Hey Jude – Defense

Defense is the least technical, most attitude-related aspect of volleyball. If you REALLY want to keep the ball from hitting the floor, and you’re not afraid to put your body in front of a heavy hit, you have the attitude that will let you be good at defense. If you have that attitude, I have a tip or two that can make your defense more effective. If you don’t have that attitude, get it.

Stance – There are three requirements for your defensive stance. You must be low, wide, and ready to move (weight forward).

a. Low – Your knees must be bent and you should be able to touch the floor with your hand from your defensive stance.

b. Wide – Your feet should be well wider than shoulder width apart. I can’t give you a precise measurement, but if your feet are too wide or too narrow, you won’t be able to move.

c. Ready to move – Maybe 1% of all the balls in a game come to you about knee height in the center of your body (perfect digging spot). YOU must move if you want to dig the other 99%. To be able to move when you are low and wide, you must have your weight forward…to do this:

1. Take your low wide position.
2. Make sure your shoulders are ahead of your knees.
3. Make sure your knees are ahead of your toes.
4. Get off your, um, chair, and do this now.
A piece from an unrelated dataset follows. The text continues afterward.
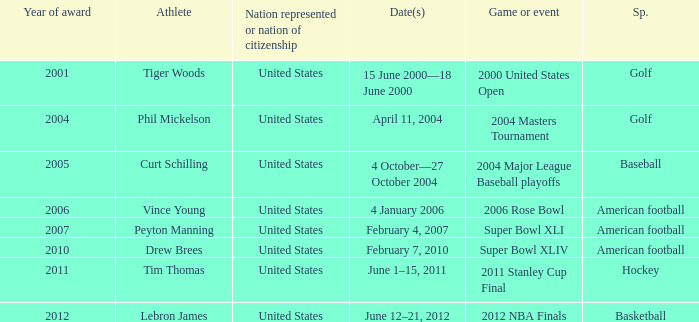In 2011 which sport had the year award? Hockey.

Your stance is not comfy, it hurts your thighs to hold it, because it is difficult to balance when your weight is forward.

d. Hands – Your hands should be in a neutral position, between the spot where you dig balls underhand, and the your face, which you may need to protect with your hands. When you take your defensive stance, your forearms should be parallel with the ground.
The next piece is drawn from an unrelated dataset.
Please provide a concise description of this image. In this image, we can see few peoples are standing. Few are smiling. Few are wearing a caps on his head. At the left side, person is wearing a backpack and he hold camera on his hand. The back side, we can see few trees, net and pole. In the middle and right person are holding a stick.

Timing – I told you to be so low, wide and forward that your thighs burn. I bet you’re thinking “How can I play like that?”. Well, you only take the defensive stance for a second or less, but getting into that stance, and doing it at the right time, will make have a direct impact on your success.

When you play defense, you do all your positioning (on the court) as early as possible. When the hitter is 1 second from contacting the ball, no matter where you are on the court (in position or not), take your defensive stance. You must be at your lowest BEFORE the hitter contacts the ball.
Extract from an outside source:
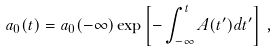Convert formula to latex. <formula><loc_0><loc_0><loc_500><loc_500>a _ { 0 } ( t ) = a _ { 0 } ( - \infty ) \exp \left [ - \int _ { - \infty } ^ { t } A ( t ^ { \prime } ) d t ^ { \prime } \right ] \, ,</formula> 
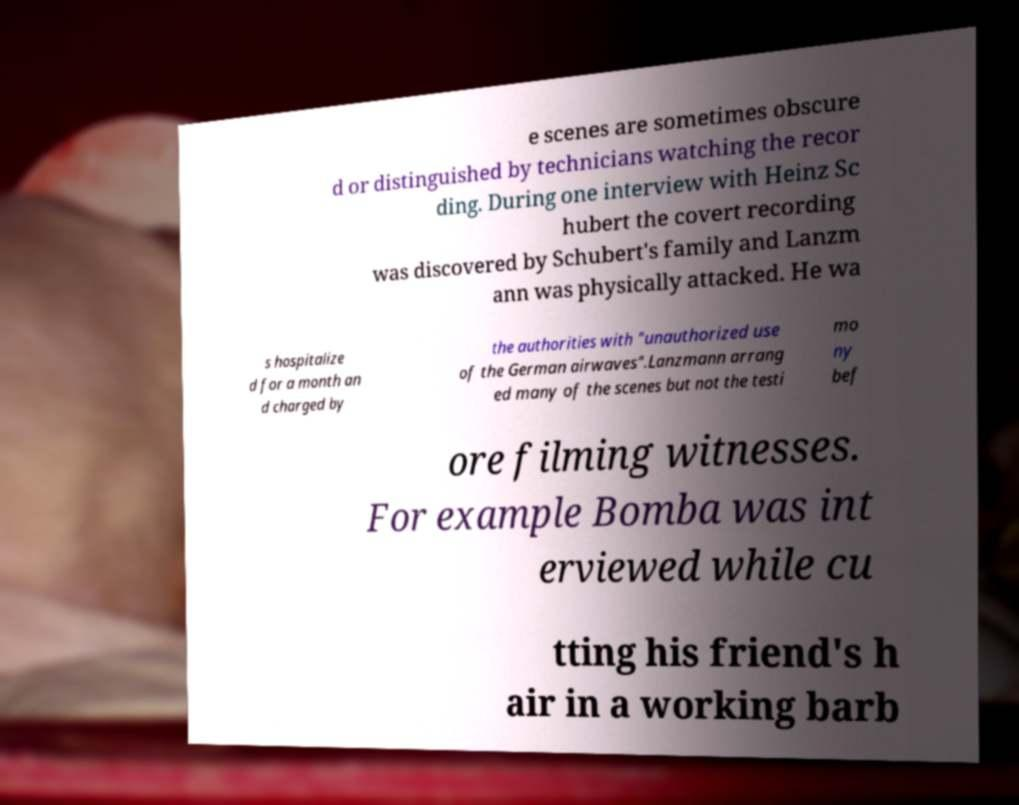There's text embedded in this image that I need extracted. Can you transcribe it verbatim? e scenes are sometimes obscure d or distinguished by technicians watching the recor ding. During one interview with Heinz Sc hubert the covert recording was discovered by Schubert's family and Lanzm ann was physically attacked. He wa s hospitalize d for a month an d charged by the authorities with "unauthorized use of the German airwaves".Lanzmann arrang ed many of the scenes but not the testi mo ny bef ore filming witnesses. For example Bomba was int erviewed while cu tting his friend's h air in a working barb

Playing the ball – The stance and attitude are much more important than what you do technically to put the ball in the air. However, I do have one important point to bring up. Unlike passing, where the stiffness of your platform or the tension in your wrists and fingers control the ball, defense is a relaxed skill. If a ball is hit hard at you and you ball up your fists and swing your arms at the ball, it’ll hit the roof or the wall on the opposite side of the gym. Make movement of your lower body your focus, and when you are in position to dig the ball, let the ball bounce off you.